After the loop, we simply autoprint y. The -l flag means that the nested list is printed by concatenating the contents of each row and separating the rows with newlines.

Answer 14

Java (OpenJDK 8), 220 bytes

n->{int s=n*2+3,i=0,x,y;char[][]a=new char[s][s],b;for(a[s/2][s--/2]=61;i++<n;a=b)for(b=new char[s+1][s+1],x=0;++x<s;)for(y=0;++y<s;)b[x][y]=a[x][y]>32?'0':(a[x][y-1]+a[x][y+1]+a[x-1][y]+a[x+1][y])%8==5?61:' ';return a;}

Try it online!

Note: the array returned contains a border or '\0' characters.

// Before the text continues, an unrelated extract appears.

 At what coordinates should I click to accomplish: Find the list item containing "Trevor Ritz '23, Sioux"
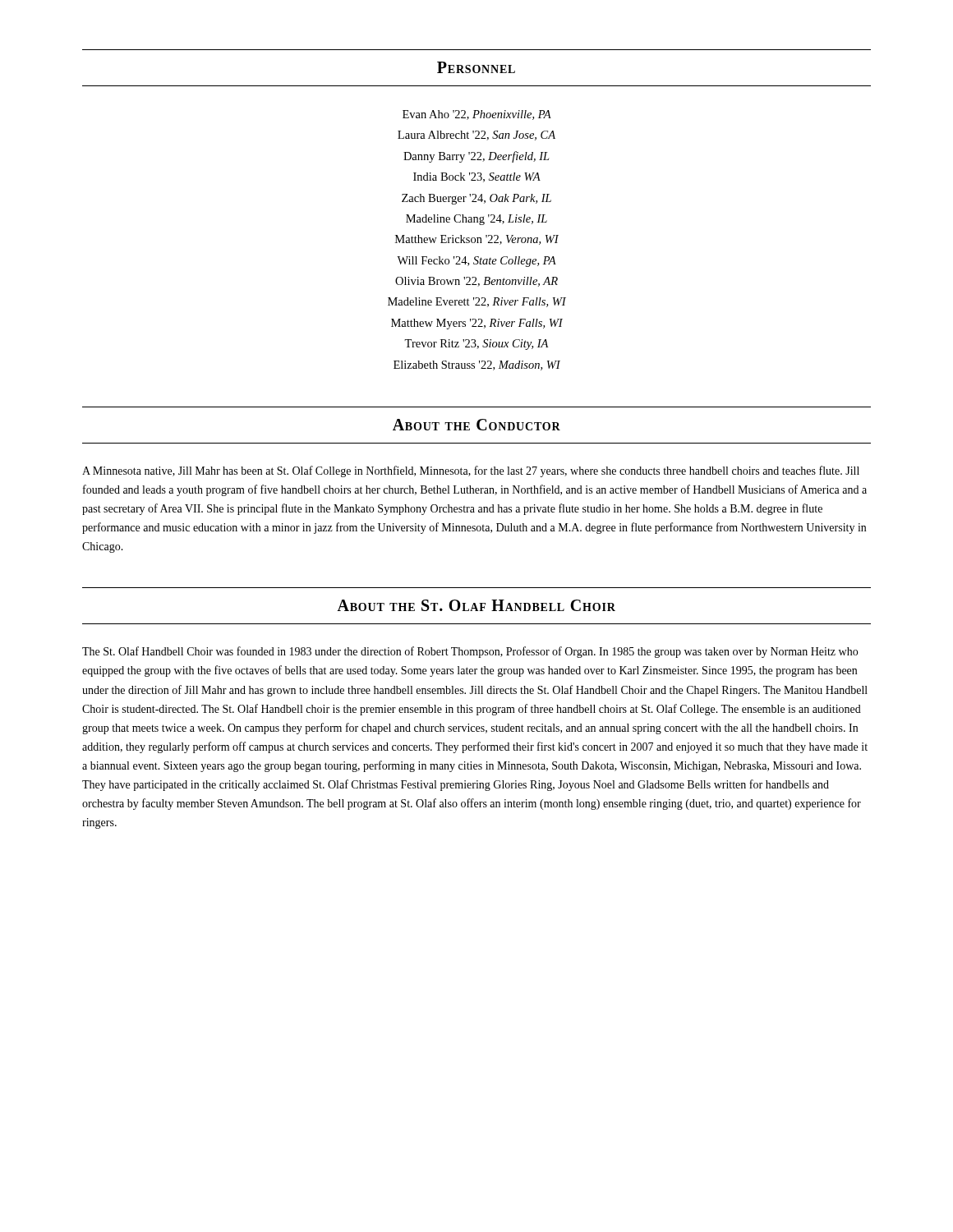(476, 343)

Since the plane is supposed to be infinite, only non-border is used.

Character mapping:

• Empty: (space)
• Awake: =
• Sleeping: 0

Saves

• 29 bytes saved thanks to Jonathan S.
• 9 further bytes thanks to Jonathan S. by swapping characters with others and "doing magic with primes and modular arithmetic"

Answer 15

Python, 199 192 bytes

This code runs on both Python 2 and Python 3, but it uses the popular 3rd-party Numpy library to do the array handling.

from numpy import*
def f(n):
 m=2*n+1;g=zeros((m+2,)*2,'i');g[n+1,n+1]=1
 while n:a=g[1:-1,1:-1];a[:]=(a<1)*(sum(g[r:r+m,c:c+m]&1for r,c in((0,1),(1,0),(1,2),(2,1)))==1)+(a>0)*2;n-=1
 return g

Empty = 0
Awake = 1
Sleeping = 2

print(f(6)) outputs

[[0 0 0 0 0 0 0 0 0 0 0 0 0 0 0]
 [0 0 0 0 0 0 0 1 0 0 0 0 0 0 0]
 [0 0 0 0 0 0 0 2 0 0 0 0 0 0 0]
 [0 0 0 0 0 1 2 2 2 1 0 0 0 0 0]
 [0 0 0 0 0 0 1 2 1 0 0 0 0 0 0]
 [0 0 0 1 0 0 2 2 2 0 0 1 0 0 0]
 [0 0 0 2 1 2 0 2 0 2 1 2 0 0 0]
 [0 1 2 2 2 2 2 2 2 2 2 2 2 1 0]
 [0 0 0 2 1 2 0 2 0 2 1 2 0 0 0]
 [0 0 0 1 0 0 2 2 2 0 0 1 0 0 0]
 [0 0 0 0 0 0 1 2 1 0 0 0 0 0 0]
 [0 0 0 0 0 1 2 2 2 1 0 0 0 0 0]
 [0 0 0 0 0 0 0 2 0 0 0 0 0 0 0]
 [0 0 0 0 0 0 0 1 0 0 0 0 0 0 0]
 [0 0 0 0 0 0 0 0 0 0 0 0 0 0 0]]

If you want prettier printing, you can call it this way:

n=6;print('\n'.join(''.join(' @#'[v]for v in u)for u in f(n)))

which prints using the same characters as given in the question.